In a ruling that could help shape the future of cryptocurrency regulation in the United States, U.S. federal judge Analisa Torres has issued a mixed verdict in the case between the Securities and Exchange Commission (SEC) and the San Francisco-based blockchain company Ripple Labs. The lawsuit, which was closely watched by the crypto industry, centered on whether Ripple’s XRP token constituted an unregistered security offering.
The court ruled that while Ripple’s institutional sale of XRP was indeed an unregistered securities offering, the sale of the token on exchanges did not. The decision — which comes after a three-year legal battle — could set a precedent for future token classification cases and currently has the crypto market responding.
Long ago
The SEC initially filed a lawsuit against Ripple Labs in December 2020 alleging that the company raised $1.4 billion through an unregistered securities offering. The court granted part of the SEC’s motion related to $728 million in institutional sales.
In its ruling, the court stated that “reasonable investors…in the position of institutional buyers would have bought XRP expecting to reap profits from Ripple’s efforts.” However, the court also ruled that “XRP, as a digital token, is not in itself a ‘contract, transaction[,] or scheme’” that embodies the requirements of an investment contract according to the Howey test.
“After considering the economic reality of the programmatic sale, the court concludes that the undisputed record does not constitute the third Howey prong,” the legal filing said. “While the institutional buyers reasonably expected Ripple to use the capital it received from its sales to improve the XRP ecosystem and thereby increase the price of XRP […]Programmatic Buyers could not reasonably expect the same.”
The court decision also addressed Ripple’s “essential ingredient” defense, in which the company argued that a physical contract must exist to be considered an investment contract.
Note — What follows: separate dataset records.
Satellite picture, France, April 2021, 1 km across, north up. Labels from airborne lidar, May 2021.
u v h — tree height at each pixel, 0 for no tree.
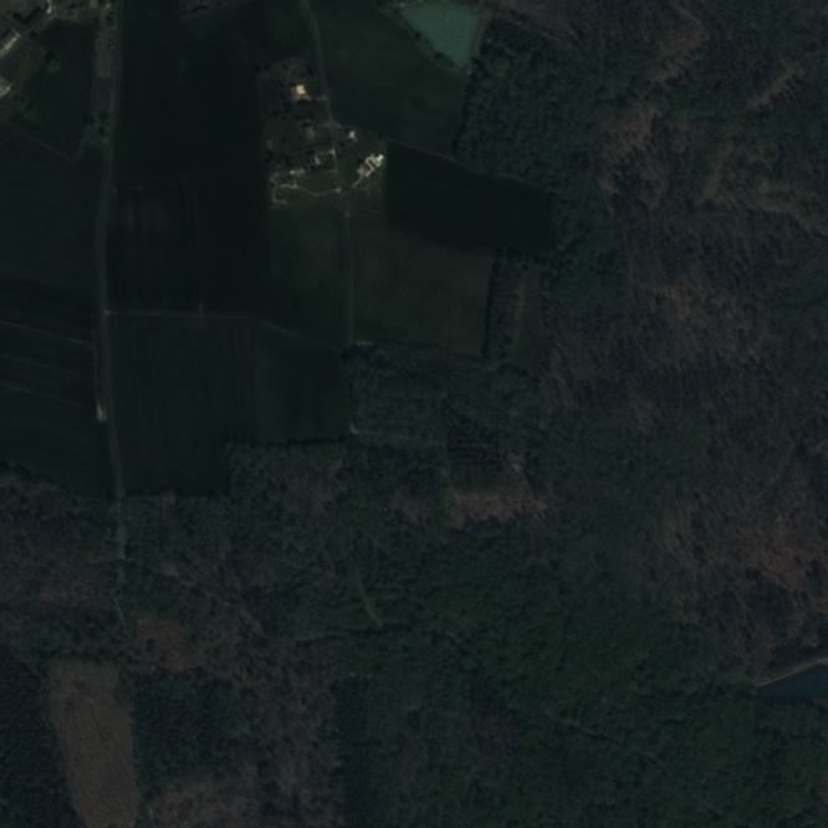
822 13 18
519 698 24
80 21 0
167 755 18
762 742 18
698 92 16
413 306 0
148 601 20
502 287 17
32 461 0
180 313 0
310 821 12
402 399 21
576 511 16
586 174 23
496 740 16
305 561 13
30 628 12
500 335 18
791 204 21
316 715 16
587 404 32
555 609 16
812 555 15
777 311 19
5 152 0
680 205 17
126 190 0
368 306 0
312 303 0
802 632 8
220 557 15
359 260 0
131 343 0
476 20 0
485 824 16
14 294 0
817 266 22
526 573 9
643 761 13
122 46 0
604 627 19
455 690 25
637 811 18
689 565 15
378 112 0
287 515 18
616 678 16
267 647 19
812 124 25
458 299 0
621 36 17
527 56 25
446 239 0
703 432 18
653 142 7
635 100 27
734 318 24
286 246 0
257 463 18
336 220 0
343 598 8
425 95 0
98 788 22
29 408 0
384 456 21
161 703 20
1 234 0
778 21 22
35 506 6
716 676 15
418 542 18
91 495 6
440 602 20
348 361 17
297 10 0
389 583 20
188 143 0
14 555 14
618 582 19
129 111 0
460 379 22
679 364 16
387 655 16
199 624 20
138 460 0
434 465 17
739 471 17
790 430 20
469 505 0
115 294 0
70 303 0
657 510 18
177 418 0
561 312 15
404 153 0
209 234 0
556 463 21
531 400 22
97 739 21
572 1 0
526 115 16
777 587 12
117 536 18
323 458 17
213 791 12
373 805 12
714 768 17
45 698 7
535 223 0
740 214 18
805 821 19
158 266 0
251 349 0
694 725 18
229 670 18
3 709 21
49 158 0
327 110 0
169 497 18
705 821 16
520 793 21
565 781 18
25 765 20
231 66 0
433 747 21
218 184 0
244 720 21
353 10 0
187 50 0
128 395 0
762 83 27
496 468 14
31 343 0
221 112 0
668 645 14
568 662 18
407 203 0
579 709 14
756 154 18
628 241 18
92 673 23

The court ruled against this defense, stating that in every instance where Ripple offered or sold XRP as an investment contract, a contract did indeed exist.
The ruling also covered the roles of Ripple co-founder Chris Larsen and CEO Brad Garlinghouse. The judge concluded that “On the basis of the disputed facts on file, […] a reasonable juror could determine that Larsen and Garlinghouse were unaware of or recklessly ignored Ripple’s Section 5 violations.”
In response to the ruling, Garlinghouse tweeted, “We were on the right side of the law and will be on the right side of history.”
How Hinman’s emails played a role
The case also brought attention to the so-called Hinman documents, internal SEC drafts and emails related to former director William Hinman’s speech from more than four years ago. These documents, which Ripple’s defense team gained access to after they were publicly released, suggested that the regulator may be picking which projects to target.
The ruling comes at a time when the SEC has become increasingly active in its enforcement actions against various cryptocurrency projects. However, the decision in the Ripple case may signal a shift in how the SEC approaches the classification and regulation of digital tokens and how judicial authorities are considering similar cases involving Web3 organizations.
The news has caused the crypto market to bounce back, with the XRP token rising to $0.6993 and ETH rising to $1,988, pushing the tokens up 48.61 percent and 5.21 percent respectively as of this writing. percent increased.